A week after the first incident, Blue gets paged at 3am because “the website is slow again”.
Blue, puzzled, takes another look.
Blue decides to dust off the résumé “just in case”.

Defense¶

Blue is paged again with the same message as last time. What is going on? Could this be the same problem again?

Identifying the Issue¶

Let's run some basic checks again to see if we can find random workloads:

kubectl get pods --all-namespaces

It's back! But how? Let's check the audit logs again:

AKSAuditAdmin
| where RequestUri startswith "/apis/apps/v1/namespaces/dev/deployments" 
    and Verb == "create" 
    and ObjectRef contains "bitcoinero"
| project User, SourceIps, UserAgent, ObjectRef, TimeGenerated

Audit logs showing the bitcoinero deployment was created by the metrics-server-account

How did a service account associated with the metrics-server create a deployment? And what is that sourceIP, it looks familiar...

Let's fetch the public egress IP address for the cluster API server. First start a pod we can use to curl out of the cluster:

kubectl run curl --rm -it --image=alpine/curl -- sh

From within the pod, fetch the cluster egress ip from an external ip echo service:

curl icanhazip.com
exit

So let me get this straight... the bitcoinero deployment was created by another deployment's service account, using curl, from inside the cluster?

Blue is starting to suspect that there may be an unwanted visitor in the cluster. But how to find them? Let's by looking for ClusterRoles with high levels of permissions.

List all ClusterRoles with unlimited access to all APIs and resource types:

kubectl get clusterrole -o json | jq '.items[] | select(.rules[]?.resources == ["*"] and .rules[]?.verbs == ["*"] and .rules[]?.verbs == ["*"]) | .metadata.name'

cluster-admin is the only role that should be in that list. What is this privileged-role that we are also seeing?

kubectl get clusterrolebinding -o json | jq '.items[] | select(.roleRef.name == "privileged-role")'

Why would the metrics-server need such high level privileges? Let's take a closer look at that deployment.
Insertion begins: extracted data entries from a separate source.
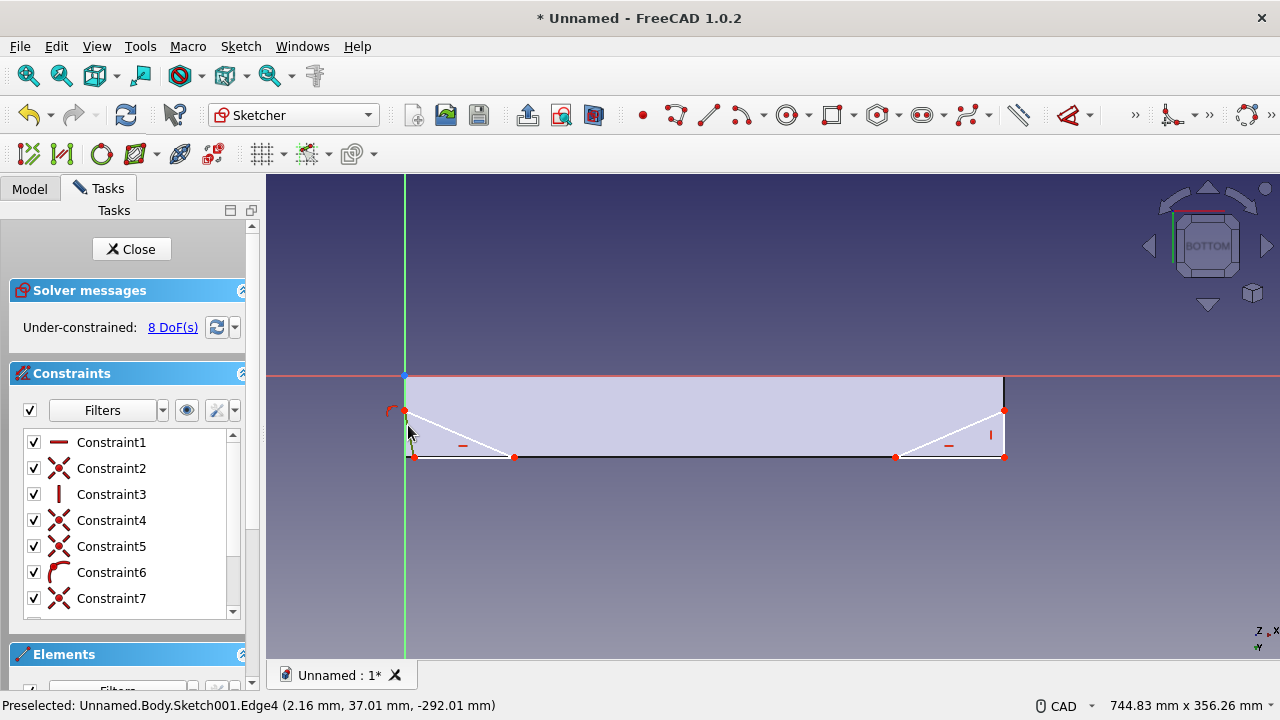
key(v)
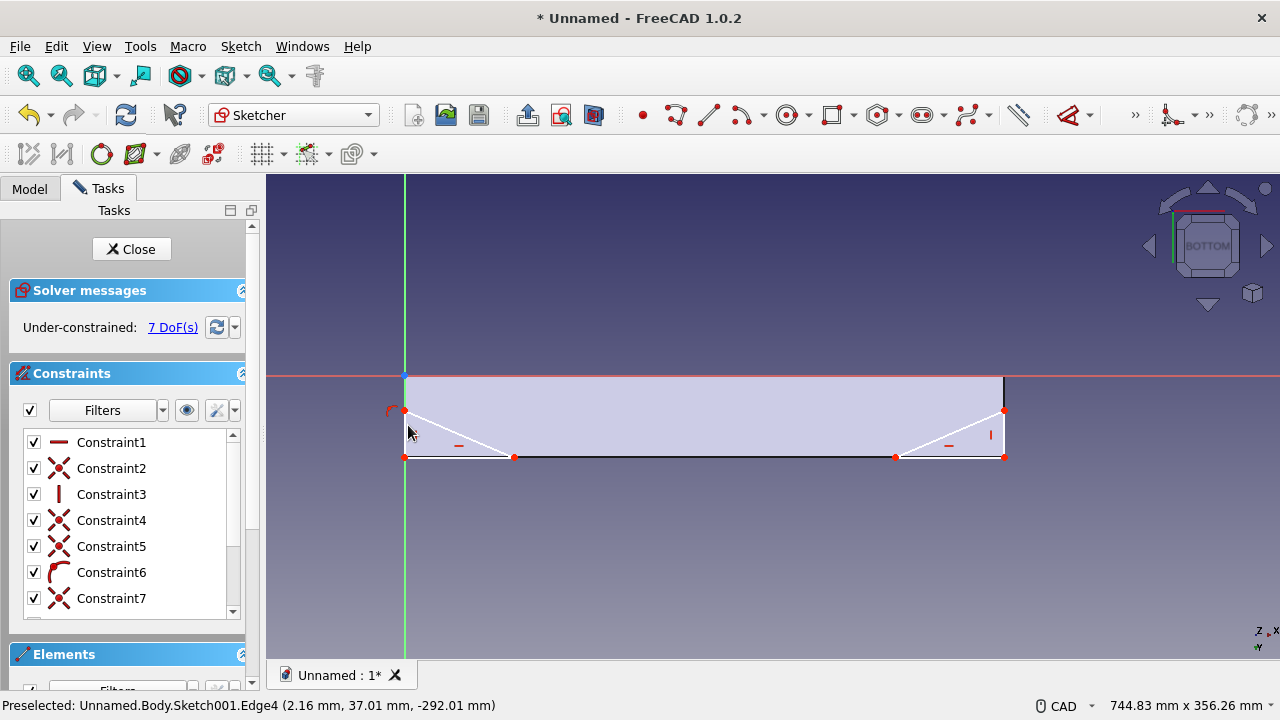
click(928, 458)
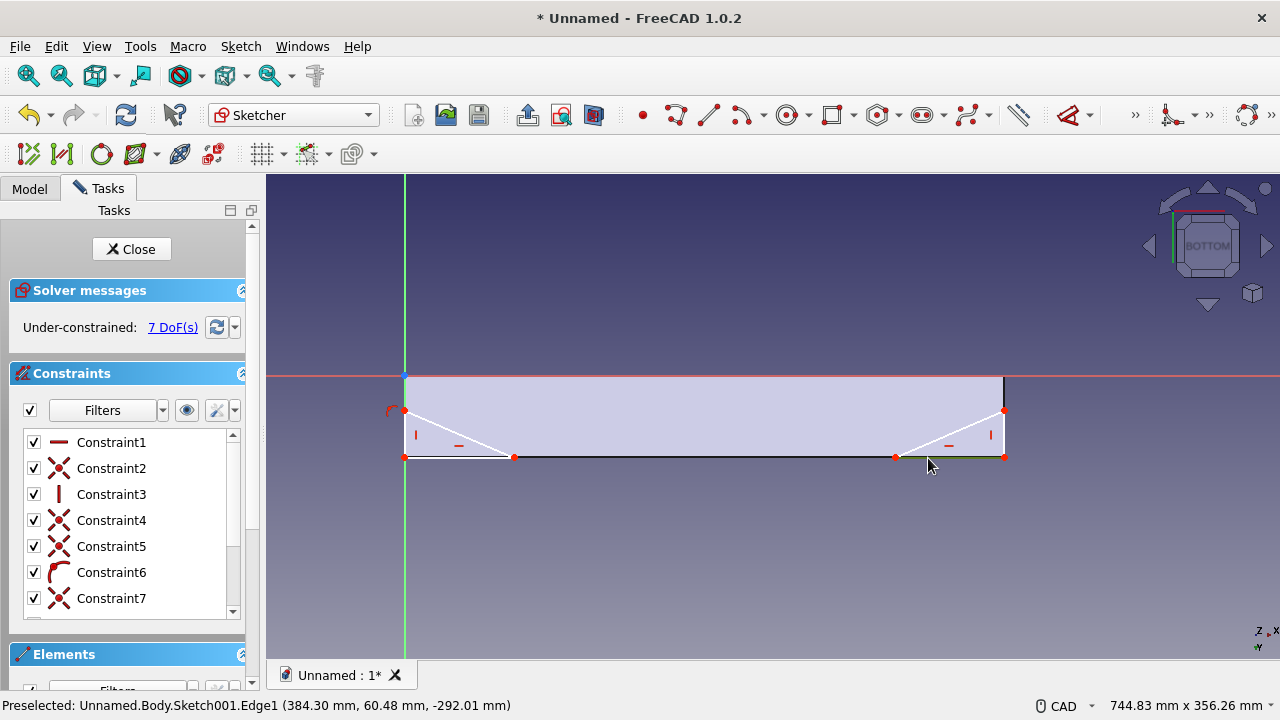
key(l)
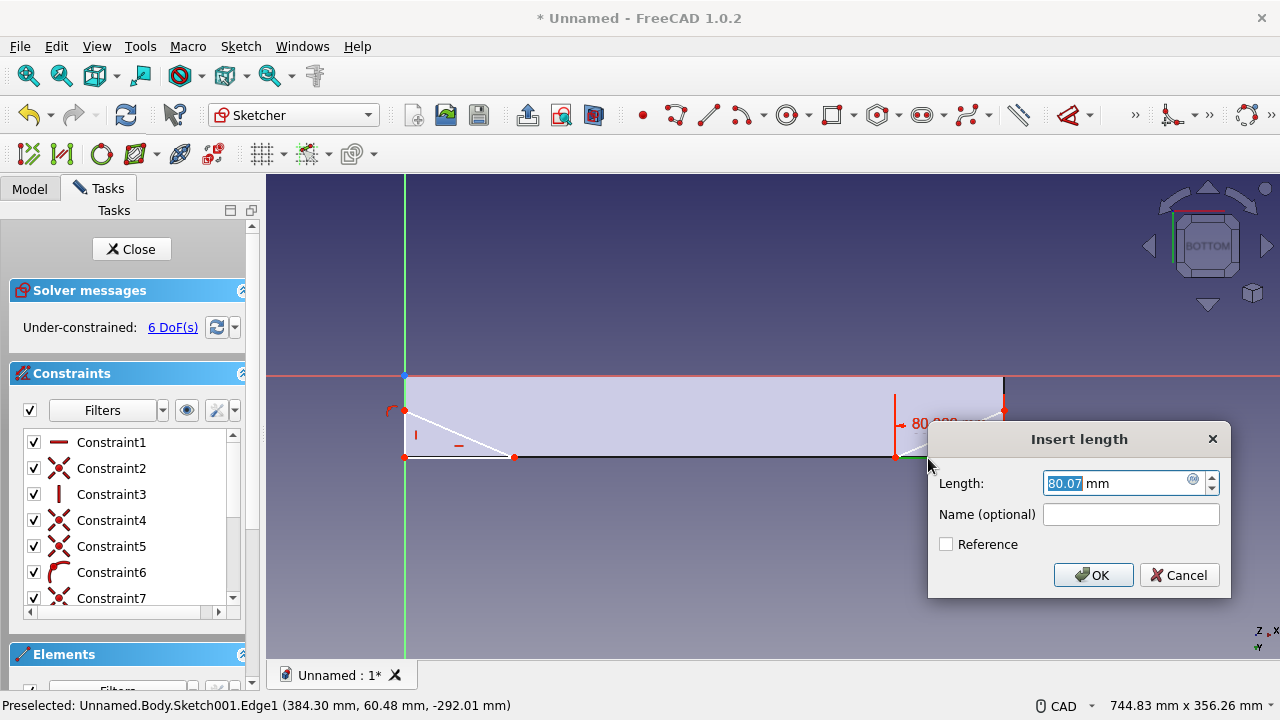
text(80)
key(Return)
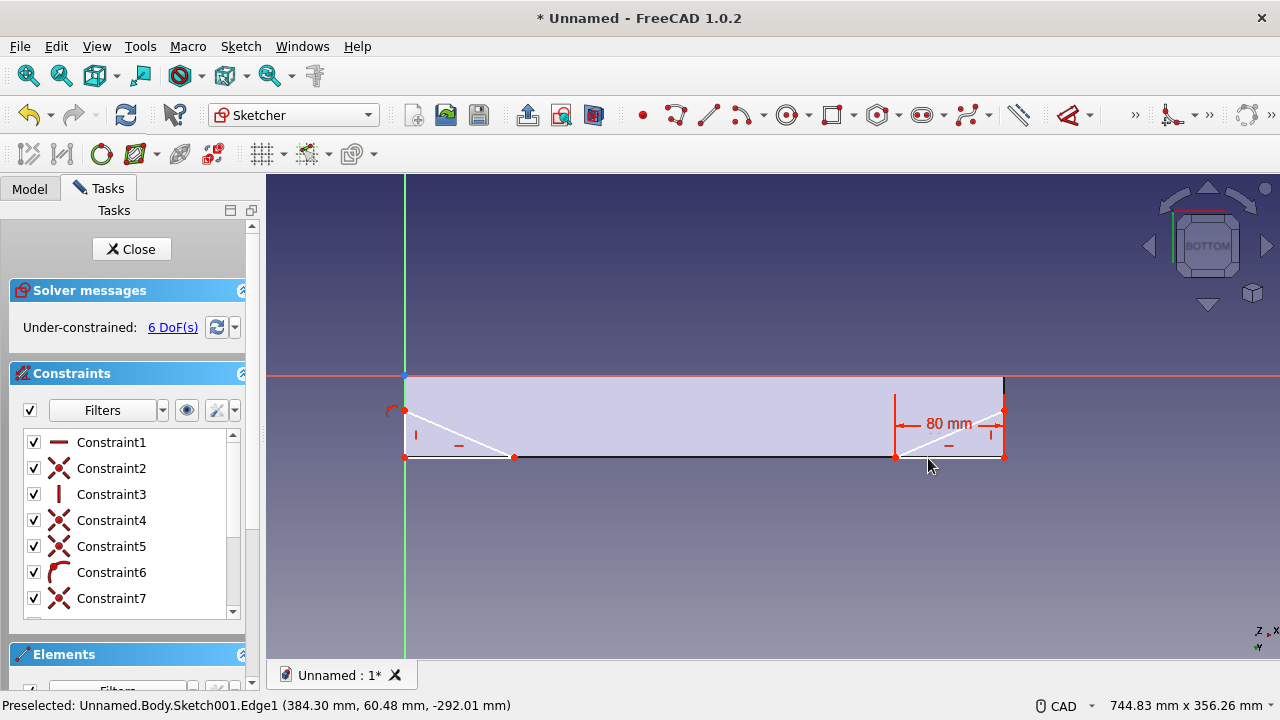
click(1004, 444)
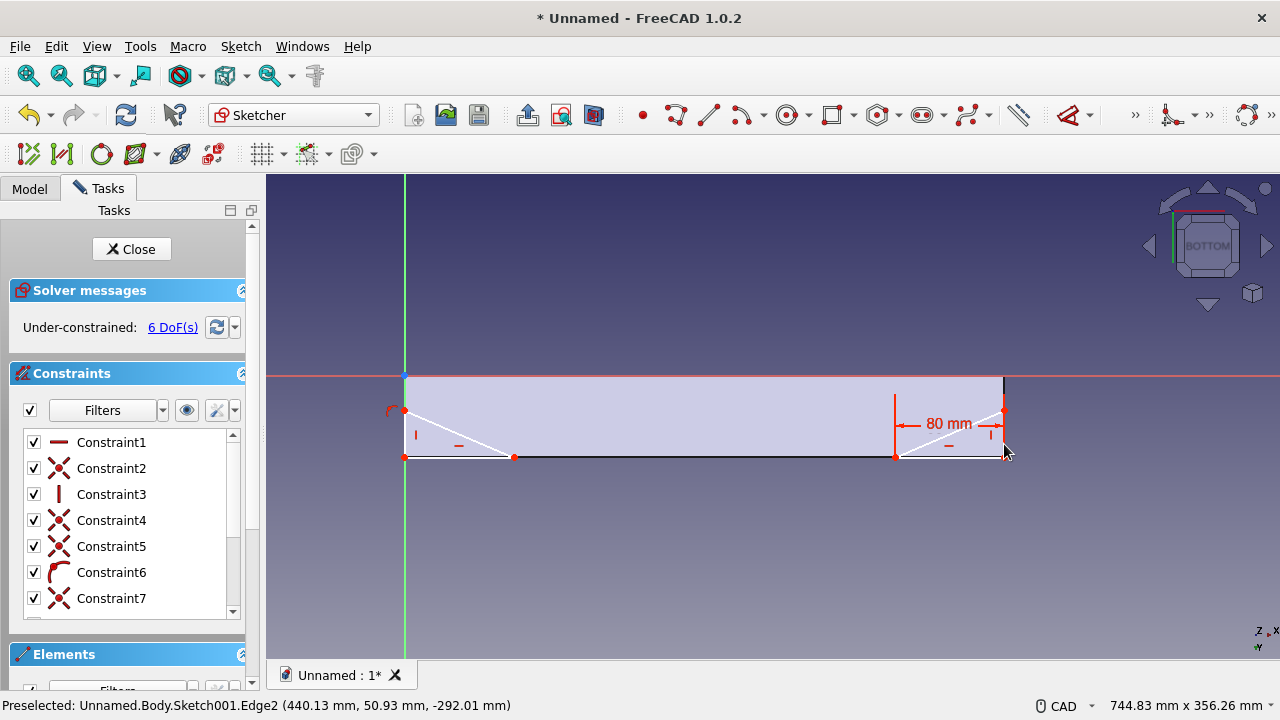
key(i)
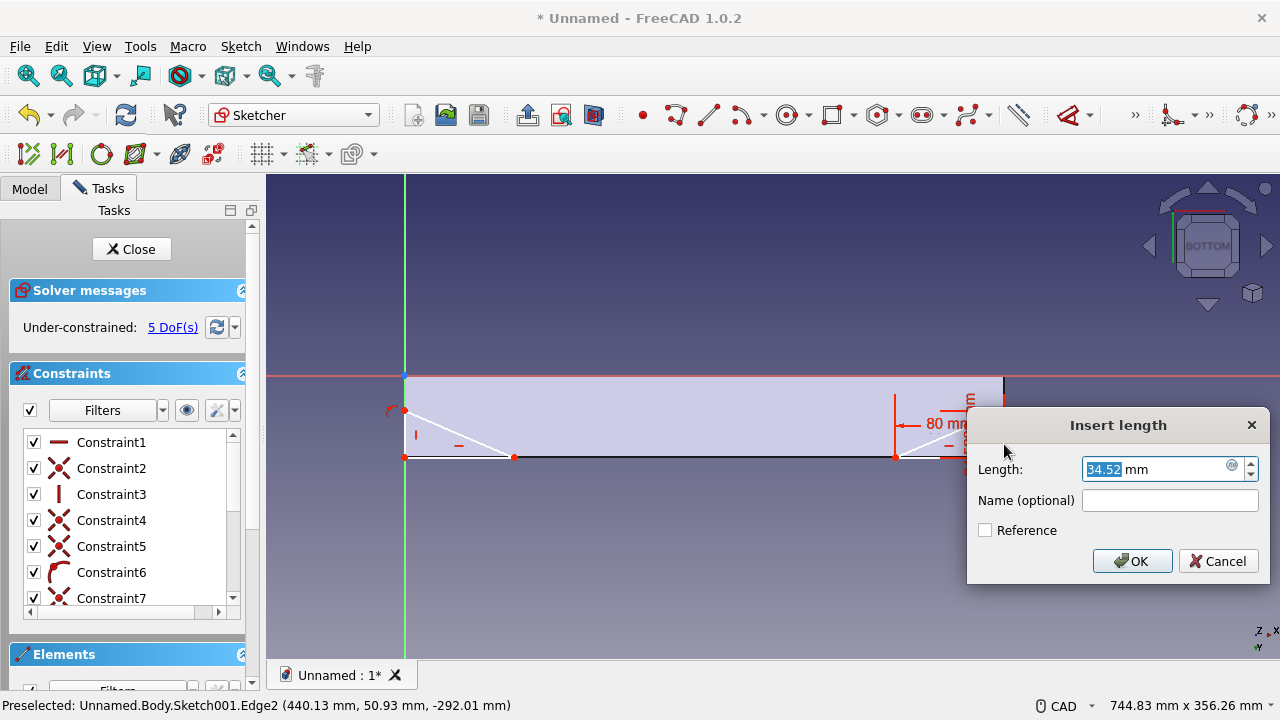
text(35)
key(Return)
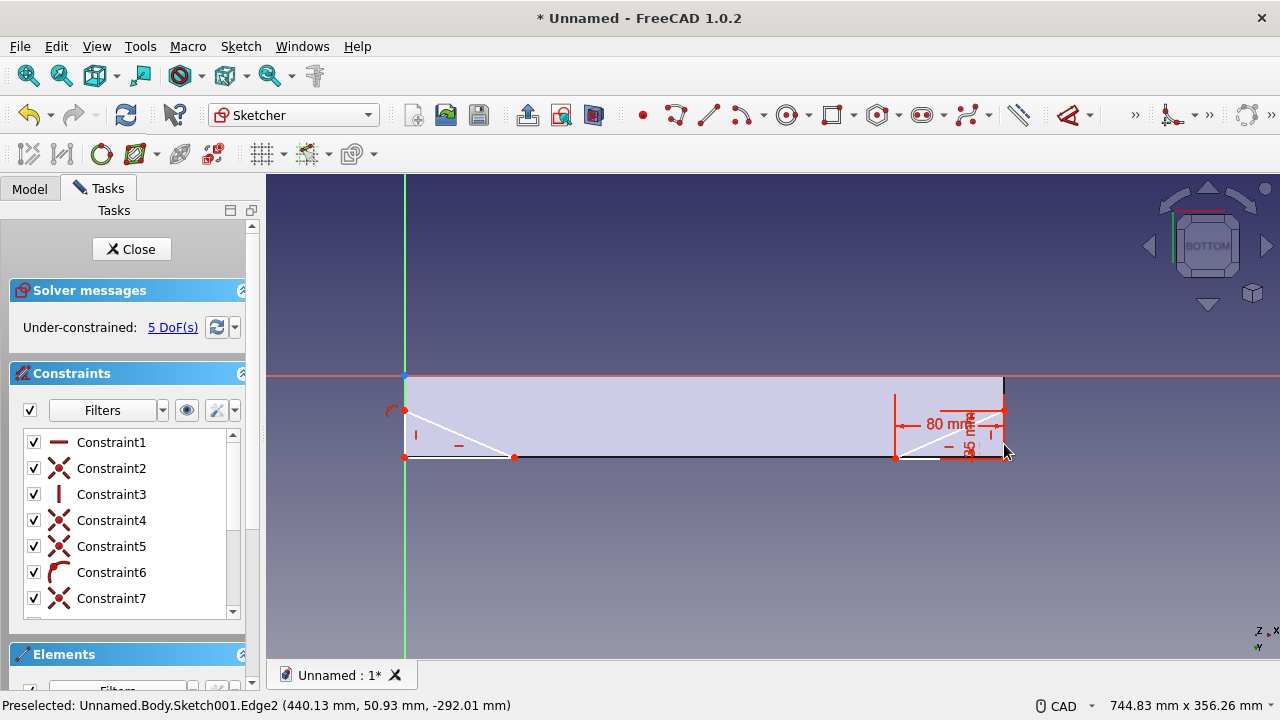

Look at the command that is being run for the deployment. (Hint: Should a metrics server be running sshd?)

kubectl get deployment -n kube-system metrics-server-deployment -o yaml

Look at the metric-server service. (Hint: Should that be public?)

kubectl get svc -n kube-system metrics-server-service -o yaml

metrics-server is actually running an SSH server! And it's running as a privileged container! This is bad. We need to clean this up fast!

Fixing the Leak¶

Blue decides it is time to evict this bad actor once and for all. Let's delete all of their work:

# Service
kubectl delete service -n kube-system metrics-server-service --wait=false
# Deployment
kubectl delete deployment -n kube-system metrics-server-deployment --wait=false
# ClusterRoleBinding
kubectl delete clusterrolebinding privileged-binding
# ClusterRole
kubectl delete clusterrole privileged-role
# ServiceAccount
kubectl delete sa -n kube-system metrics-server-account
# bitcoinero
kubectl delete deployment bitcoinero -n dev --wait=false

The fire is out (for now). But clearly we need more robust security to keep the bad guys out. How can we restrict access to ensure that only trusted users can interact with the cluster control plane?

Let's enable Entra ID integration and disable local administrative accounts. This way only users who are authenticated by our Entra tenant will have access to the cluster and we can control what those user can do by managing group membership in Entra.

First we will want to create a group in Entra that contains all of the cluster admins (and make sure our account is in it so we don't get lockd out):

GROUP_NAME=AKSAdmins$RANDOM
ADMIN_GROUP=$(az ad group create --display-name "$GROUP_NAME" --mail-nickname "$GROUP_NAME" --query id -o tsv)
az ad group member add --group "$GROUP_NAME" --member-id $(az ad signed-in-user show --query id -o tsv)

Now let's enable EntraID integration and disable local accounts:

az aks update --resource-group $RESOURCE_GROUP --name $AKS_NAME \
  --enable-aad \
  --aad-admin-group-object-ids $ADMIN_GROUP \
  --disable-local-accounts

Tip

The above command takes about 8 minutes to complete.

Finally, we need to rotate the cluster certificates in order to invalidate the existing leaked admin credentials. This will require us to authenticate against EntraID for all future cluster administration:

az aks rotate-certs --resource-group $RESOURCE_GROUP --name $AKS_NAME -y

Tip

The above command takes about 6 minutes to complete.

We can verify that we have lost access to cluster by running any kubectl command:

kubectl get pods

To reconnect to the cluster we will need to fetch new credentials, this time backed by Entra:

az aks get-credentials --resource-group $RESOURCE_GROUP --name $AKS_NAME --overwrite-existing
kubectl get pods -A

Now, when we try to interact with the cluster, we are prompted to login with our Entra credentials.

Note

If you are running this lab inside of a managed tenant with strict conditional access policies you may need to run az login && kubelogin convert-kubeconfig -l azurecli before connecting to the cluster.

Confident that the cluster is now running in "Fort Knox" mode, Blue decides to call it a night and head back to bed.

Note

Another layer of security that would be a good idea to investigate here is Azure Policy. But for the purposes of this lab, we will skip it for now.